◆ **Records for the exercise**:

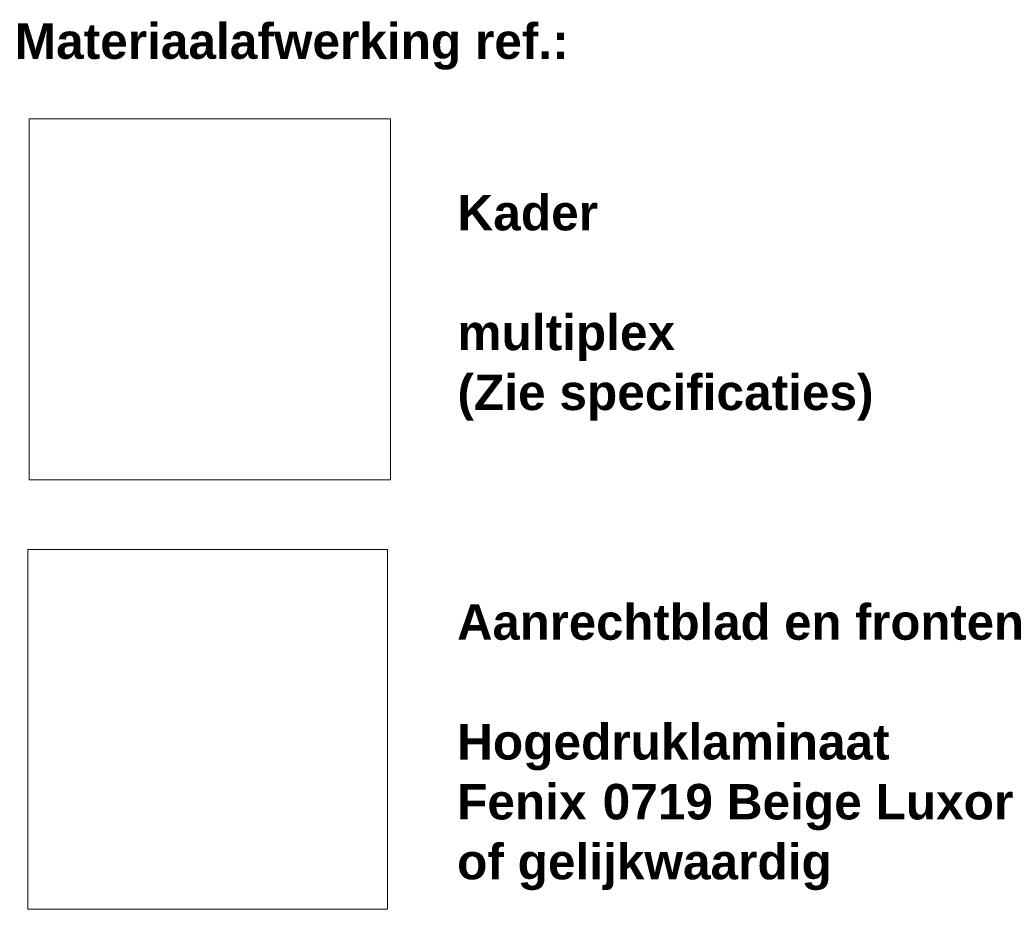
# Model space of a CAD drawing. Header units: millimetres. Extents: x -95449 to -59736, y -38642 to 27752.
# Tile 14 of 14: x -76663 to -71115, y 14358 to 19369. Entities that reach past the tile are written whole.
import ezdxf

# ---------------------------------------------------------------- set-up
doc = ezdxf.new("R2010")
doc.units = ezdxf.units.MM
doc.linetypes.add('Dash', pattern=[6.35, 3.175, -3.175])
doc.layers.add('A09-G--', color=8, linetype='Dash', lineweight=5)
doc.layers.add('A09-NT--4', color=7, linetype='Continuous', lineweight=5)
doc.styles.add('Arial_B', font='arialbd.ttf', dxfattribs={"height": 200})
picture_1 = doc.add_image_def('image1.jpg', size_in_pixel=(1021, 1021))
picture_2 = doc.add_image_def('image5.jpg', size_in_pixel=(4320, 4320))

msp = doc.modelspace()

# ---------------------------------------------------------------- texts
at = {"layer": 'A09-NT--4', "char_height": 200, "attachment_point": 1, "style": 'Arial_B', "bg_fill": 3, "box_fill_scale": 1.25, "bg_fill_color": 256, "bg_fill_true_color": 13158600, "bg_fill_transparency": 0}
for s, insert, width in [('Materiaalafwerking ref.:', (-76690.4, 19348.6), 3872.151), ('Kader', (-74196.4, 18382.6), 978.059), ('multiplex', (-74196.4, 17707.9), 1507.172), ('(Zie specificaties)', (-74196.4, 17370.5), 2886.075), ('Aanrechtblad en fronten', (-74198.6, 16076.6), 3968.353), ('Hogedruklaminaat', (-74198.6, 15401.9), 2998.311), ('Fenix ', (-74198.6, 15064.6), 994.093), ('0719 Beige Luxor ', (-73378.4, 15064.6), 2950.21), ('of gelijkwaardig', (-74198.6, 14727.2), 2613.501)]:
    msp.add_mtext(s, dxfattribs=dict(at, insert=insert, width=width))

# ---------------------------------------------------------------- pictures from other files: only their frames are drawn
at = {"layer": 'A09-G--'}
image = msp.add_image(picture_1, insert=(-76609.1, 16776.6), size_in_units=(2034.9, 2034.9), dxfattribs=at)
image.dxf.flags = 7
image = msp.add_image(picture_2, insert=(-76616.9, 14358.4), size_in_units=(2026.9, 2026.9), dxfattribs=at)
image.dxf.flags = 7

doc.saveas('drawing.dxf')
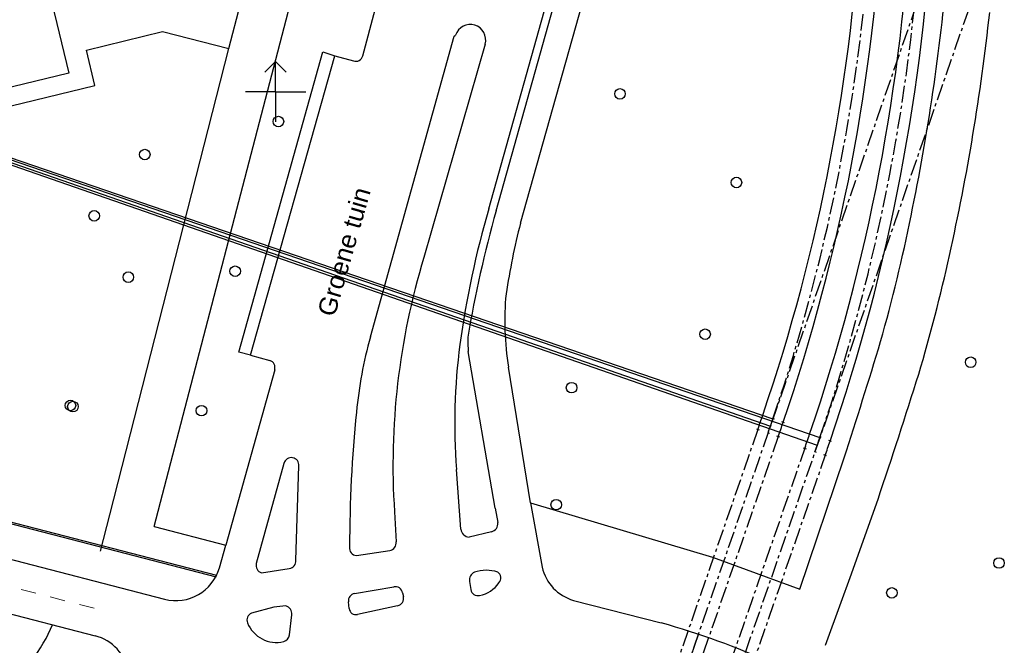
# Model space of a CAD drawing. Header units: millimetres. Extents: x 96940 to 101272, y 432237 to 434659.
# Tile 198 of 256: x 97583 to 97648, y 433363 to 433405. Entities that reach past the tile are written whole.
import ezdxf
from ezdxf.enums import TextEntityAlignment as Align

# ---------------------------------------------------------------- set-up
doc = ezdxf.new("R2010")
doc.units = ezdxf.units.MM
for name, pattern in [('ACAD_ISO02W100', [15, 12, -3]), ('CENTER', [35.225022, 22.015639, -4.403128, 4.403128, -4.403128]), ('dSV_MARKERING_1_1', [2, 1, -1])]:
    doc.linetypes.add(name, pattern=pattern)
for name, color, linetype in [('As', 2, 'ACAD_ISO02W100'), ('Ondergrond_Nieuw_IP', 8, 'Continuous'), ('R_BN_T_B_Spoor', 1, 'Continuous'), ('R_BN_T_N_Hartspoor', 1, 'CENTER'), ('R_BN_T_N_HOOGTELIJN', 7, 'Continuous')]:
    doc.layers.add(name, color=color, linetype=linetype)
doc.styles.add('DSV_ARIAL', font='arial.ttf')

# ---------------------------------------------------------------- blocks, each defined once
blk = doc.blocks.new('NUTSKAST')
at = {"color": 0}
blk.add_circle((0, 0), 0.35, dxfattribs=at)
blk = doc.blocks.new('BOOM')
at = {"color": 0}
blk.add_circle((0, 0), 0.35, dxfattribs=at)

msp = doc.modelspace()

# ---------------------------------------------------------------- linework, layer by layer
at = {"layer": 'As'}
msp.add_polyline3d([(97628.0347, 433364.08818, -1.79248), (97626.20282, 433358.80282, -1.79694), (97624.38307, 433353.55299, -1.79819), (97622.724, 433348.75224, -1.82376), (97621.67315, 433345.7319, -1.83336), (97619.7661, 433340.23955, -1.8139), (97617.88885, 433334.83255, -1.81508), (97616.07994, 433329.61728, -1.83405), (97614.22186, 433324.24606, -1.81813), (97612.55067, 433319.42948, -1.79446), (97610.7776, 433314.29752, -1.78801), (97608.79088, 433308.57096, -1.78711), (97606.82434, 433302.92436, -1.80661), (97604.96062, 433297.51932, -1.80412), (97603.29031, 433292.70863, -1.80739), (97601.42549, 433287.329, -1.8134), (97600.11737, 433283.55214, -1.8079), (97598.52167, 433278.94376, -1.80699), (97597.23032, 433275.22145, -1.80393)], dxfattribs=at)
at = {"layer": 'Ondergrond_Nieuw_IP'}
for p, q in [((97600, 433402), (97599.29289, 433401.29289)), ((97600, 433402), (97600.70711, 433401.29289)), ((97600, 433400), (97600, 433402)), ((97600, 433400), (97598, 433400)), ((97600, 433400), (97600, 433398)), ((97600, 433400), (97602, 433400)), ((97549.28768, 433379.96199), (97596.05067, 433367.8754)), ((97549.31271, 433380.05881), (97596.08072, 433367.97092)), ((97548.7121, 433377.73517), (97592.63663, 433366.38223)), ((97547.8362, 433374.34654), (97588.03591, 433363.95634)), ((97596.27317, 433368.46701), (97596.697, 433369.959)), ((97584.78513, 433363.78942), (97585.20555, 433364.68788))]:
    msp.add_line(p, q, dxfattribs=at)
at = {"layer": 'Ondergrond_Nieuw_IP', "linetype": 'dSV_MARKERING_1_1', "lineweight": 13}
msp.add_line((97548.27413, 433376.04087), (97588.47383, 433365.65066), dxfattribs=at)
at = {"layer": 'Ondergrond_Nieuw_IP'}
for points in [[(97614.623, 433392.116), (97627.898, 433439.439), (97628.236, 433440.578)], [(97614.135, 433392.253), (97627.597, 433440.239)], [(97616.232, 433391.3), (97629.774, 433439.399)], [(97553.8, 433419.47), (97580.37, 433425.85), (97583.221, 433414), (97585.125, 433406.081), (97585.171, 433405.891), (97586.29, 433401.24), (97578.16, 433399.27), (97578.443, 433398.102)], [(97596.892, 433402.865), (97600.766, 433417.69)], [(97591.956, 433371.205), (97601.263, 433406.909), (97606.597, 433405.449)], [(97605.782, 433402.38), (97606.597, 433405.449)], [(97578.443, 433398.102), (97588.025, 433400.426), (97587.46, 433402.758), (97592.514, 433403.983), (97596.892, 433402.865)], [(97606.283, 433383.755), (97611.834, 433403.68), (97611.937, 433403.743)], [(97589.003, 433371.969), (97596.892, 433402.865)], [(97613.892, 433403.156), (97609.833, 433389.023)], [(97598.34, 433382.554), (97597.572, 433382.746), (97603.143, 433402.645), (97603.925, 433402.379)], [(97598.34, 433382.554), (97603.925, 433402.379)], [(97603.925, 433402.379), (97605.166, 433402.045)], [(97598.34, 433382.554), (97599.618, 433382.193)], [(97614.561, 433372.41), (97612.775, 433382.792)], [(97599.941, 433381.585), (97596.697, 433369.959)], [(97616.893, 433372.761), (97615.435, 433381.746)], [(97600.554, 433375.383), (97598.715, 433368.739)], [(97634.759, 433367.04), (97637.7, 433375.74)], [(97601.348, 433368.962), (97601.548, 433375.209)], [(97612.277, 433371.014), (97611.987, 433374.982)], [(97616.893, 433372.761), (97617.676, 433368.51)], [(97616.893, 433372.761), (97628.962, 433369.17), (97634.759, 433367.04)], [(97637.496, 433366.188), (97638.082, 433367.817), (97639.94, 433373.01)], [(97607.884, 433372.163), (97608, 433370.195)], [(97614.561, 433372.41), (97614.726, 433371.455)], [(97588.38881, 433369.56612), (97589.003, 433371.969)], [(97591.956, 433371.205), (97596.697, 433369.959)], [(97614.31, 433370.853), (97612.831, 433370.501)], [(97605.356, 433369.271), (97607.578, 433369.601)], [(97599.06, 433368.136), (97600.902, 433368.411)], [(97612.865, 433367.566), (97612.945, 433367.018)], [(97605.227, 433366.765), (97607.831, 433367.199)], [(97604.87, 433365.758), (97604.828, 433366.22)], [(97608.421, 433366.809), (97608.478, 433366.557)], [(97619.755, 433366.308), (97625.565, 433364.814)], [(97636.466, 433363.33), (97637.496, 433366.188)], [(97599.876, 433365.849), (97598.412, 433365.456)], [(97608.091, 433365.951), (97605.426, 433365.378)], [(97600.93, 433364.02), (97601.073, 433365.358)]]:
    msp.add_lwpolyline(points, dxfattribs=at)
for centre, radius, start, end in [((97503.4878, 433420.60405), 141.60477, 348.2593383, 354.9827875), ((97504.20185, 433420.73604), 143.97342, 347.3309904, 353.825218), ((97612.91084, 433403.43731), 1.02069, 344.0015076, 162.5731183), ((97605.32394, 433402.48843), 0.47072, 250.3949425, 346.6825093), ((97675.31923, 433374.49576), 63.70894, 163.8159112, 172.092926), ((97688.60772, 433371.14731), 76.8988, 164.1762553, 170.5749891), ((97532.36221, 433413.96181), 111.98463, 344.1890394, 348.5805672), ((97667.01484, 433378.51022), 52.36865, 165.8639059, 171.0979965), ((97654.88927, 433375.27189), 47.10796, 163.0278804, 183.7839812), ((97540.60238, 433411.84537), 106.51149, 343.334718, 347.7026485), ((97634.76759, 433384.81004), 19.57389, 174.7120271, 189.00595), ((97632.99149, 433376.2474), 27.7436, 164.2996429, 174.7561948), ((97652.11456, 433378.01409), 40.24195, 172.5096495, 184.3211337), ((97622.12482, 433383.54257), 9.37989, 178.7939276, 184.5896496), ((97146.44959, 433533.52724), 515.96877, 342.193235, 343.0902532), ((97599.4704, 433381.72479), 0.49092, 343.4561924, 72.5027563), ((97208.53734, 433518.09977), 455.14755, 341.4111268, 342.5086764), ((97690.86964, 433369.93036), 85.96269, 174.0890686, 180.0602292), ((97601.04406, 433375.25636), 0.50616, 354.6307693, 165.5111468), ((97614.19215, 433371.37917), 0.53921, 282.6248842, 8.0838507), ((97612.85489, 433371.08244), 0.58193, 186.7537484, 267.6473234), ((97607.43518, 433370.14937), 0.56666, 284.5984832, 4.6186725), ((97605.39737, 433369.7653), 0.49603, 171.3387332, 265.2154695), ((97600.83975, 433368.91739), 0.51021, 277.0083748, 5.01562), ((97593.38735, 433369.28678), 3, 255.5082081, 344.1418411), ((97599.22256, 433368.6292), 0.5193, 167.7937518, 251.7573882), ((97613.38619, 433367.68238), 0.53403, 112.7126938, 192.5875546), ((97613.96181, 433365.73118), 2.56583, 72.5553944, 107.7401344), ((97614.48532, 433367.79408), 0.45664, 315.4964126, 57.4514994), ((97620.55919, 433369.1497), 2.9533, 192.5097248, 254.1987813), ((97613.1807, 433368.5601), 1.95895, 280.1821476, 326.3286317), ((97607.93405, 433366.71361), 0.49621, 11.083435, 101.9858063), ((97613.42158, 433367.10482), 0.48443, 190.3240578, 282.5688604), ((97605.3262, 433366.27382), 0.50109, 101.4176092, 186.1659215), ((97607.97881, 433366.44922), 0.51069, 282.6901614, 12.1841077), ((97602.69146, 433343.18149), 22.84169, 95.0646496, 97.0802632), ((97600.56761, 433365.43429), 0.51112, 351.4158599, 77.8709317), ((97605.32316, 433365.82429), 0.45798, 188.3221929, 282.9762464), ((97598.57139, 433365.0115), 0.47221, 109.7274164, 203.394846), ((97600.04838, 433365.57173), 2.0515, 201.3754361, 283.8651279), ((97611.52341, 433314.57126), 52.16799, 65.7364894, 74.3856479), ((97567.93072, 433373.3393), 19.37192, 313.0755286, 330.4636864), ((97587.28519, 433361.05179), 3, 304.2455109, 75.5082081), ((97600.39983, 433364.09709), 0.53575, 285.1675217, 351.727252)]:
    msp.add_arc(centre, radius, start, end, dxfattribs=at)
at = {"layer": 'R_BN_T_B_Spoor'}
for p, q in [((97632.19904, 433378.60265), (97632.38827, 433378.53792)), ((97633.06716, 433378.30571), (97632.97254, 433378.33808)), ((97633.74605, 433378.07351), (97633.55681, 433378.13823)), ((97631.87454, 433377.66036), (97632.06351, 433377.59485)), ((97632.74142, 433377.35981), (97632.64694, 433377.39257)), ((97635.31024, 433377.35652), (97635.49943, 433377.29165)), ((97633.41933, 433377.12478), (97633.23037, 433377.19029)), ((97636.17814, 433377.05892), (97636.08354, 433377.09135)), ((97636.85684, 433376.82619), (97636.66766, 433376.89106)), ((97634.98502, 433376.41448), (97635.17394, 433376.34882)), ((97635.85167, 433376.11327), (97635.75721, 433376.1461)), ((97636.5294, 433375.87771), (97636.34049, 433375.94337))]:
    msp.add_line(p, q, dxfattribs=at)
for points in [[(97631.96903, 433377.6276, 0.00104167), (97632.29366, 433378.57028)], [(97632.64694, 433377.39257, 0.00104167), (97632.97254, 433378.33808)], [(97633.32485, 433377.15754, 0.00104167), (97633.65143, 433378.10587)], [(97635.07948, 433376.38165, 0.00104167), (97635.40483, 433377.32408)], [(97635.75721, 433376.1461, 0.00104167), (97636.08354, 433377.09135)], [(97636.43494, 433375.91054, 0.00104167), (97636.76225, 433376.85862)]]:
    msp.add_lwpolyline(points, format="xyb", dxfattribs=at)
for centre, radius, start in [((97514.72029, 433418.70687), 127.5825, 341.0731332), ((97514.72029, 433418.70687), 129.0175, 341.0731332), ((97514.69973, 433418.79226), 124.2825, 341.1171955), ((97514.69973, 433418.79226), 125.7175, 341.1171955)]:
    msp.add_arc(centre, radius, start, 13.2835912, dxfattribs=at)
at = {"layer": 'R_BN_T_N_Hartspoor', "ltscale": 0.05}
for p, q in [((97644.79464, 433412.43045), (97595.53233, 433270.34214)), ((97648.26218, 433412.12503), (97625.10179, 433345.48864)), ((97631.96903, 433377.6276), (97594.85442, 433270.57717)), ((97633.32485, 433377.15754), (97596.21025, 433270.10711)), ((97635.13145, 433376.53118), (97616.08494, 433321.73114)), ((97636.48728, 433376.06112), (97617.4404, 433321.26003))]:
    msp.add_line(p, q, dxfattribs=at)
for centre, radius, start in [((97514.72029, 433418.70687), 128.3, 341.0731332), ((97514.69973, 433418.79226), 125, 341.1171955)]:
    msp.add_arc(centre, radius, start, 13.2835912, dxfattribs=at)
at = {"layer": 'R_BN_T_N_HOOGTELIJN'}
for p, q in [((97405.88874, 433456.01011), (97632.97254, 433378.33808)), ((97409.05953, 433454.938), (97636.08354, 433377.09135)), ((97514.69973, 433418.79226), (97632.8039, 433377.8453)), ((97514.72029, 433418.70687), (97635.91001, 433376.58572))]:
    msp.add_line(p, q, dxfattribs=at)

# ---------------------------------------------------------------- block references
at = {"layer": 'Ondergrond_Nieuw_IP'}
for name, p in [('BOOM', (97622.831, 433399.858)), ('BOOM', (97600.187, 433398.028)), ('BOOM', (97591.33, 433395.84)), ('BOOM', (97630.55, 433393.99)), ('BOOM', (97587.98, 433391.78)), ('BOOM', (97597.323, 433388.111)), ('BOOM', (97590.24, 433387.72)), ('BOOM', (97628.473, 433383.938)), ('BOOM', (97646.08, 433382.08)), ('BOOM', (97619.625, 433380.394)), ('BOOM', (97586.4, 433379.22)), ('BOOM', (97586.566, 433379.143)), ('BOOM', (97595.091, 433378.874)), ('NUTSKAST', (97618.606, 433372.645)), ('BOOM', (97647.96, 433368.78)), ('BOOM', (97640.86, 433366.8))]:
    msp.add_blockref(name, p, dxfattribs=at)

# ---------------------------------------------------------------- texts
at = {"layer": 'Ondergrond_Nieuw_IP', "style": 'DSV_ARIAL'}
msp.add_text('Groene tuin', height=1.2, rotation=73.97589, dxfattribs=at).set_placement((97603.32971, 433385.19458), align=Align.MIDDLE_LEFT)

doc.saveas('drawing.dxf')

◆ **What you will do**:
Find each line in the records above that contains "pattern", and copy it.

◆ **Output of the exercise**:
doc.linetypes.add('Dash', pattern=[6.35, 3.175, -3.175])
for name, pattern in [('ACAD_ISO02W100', [15, 12, -3]), ('CENTER', [35.225022, 22.015639, -4.403128, 4.403128, -4.403128]), ('dSV_MARKERING_1_1', [2, 1, -1])]:
    doc.linetypes.add(name, pattern=pattern)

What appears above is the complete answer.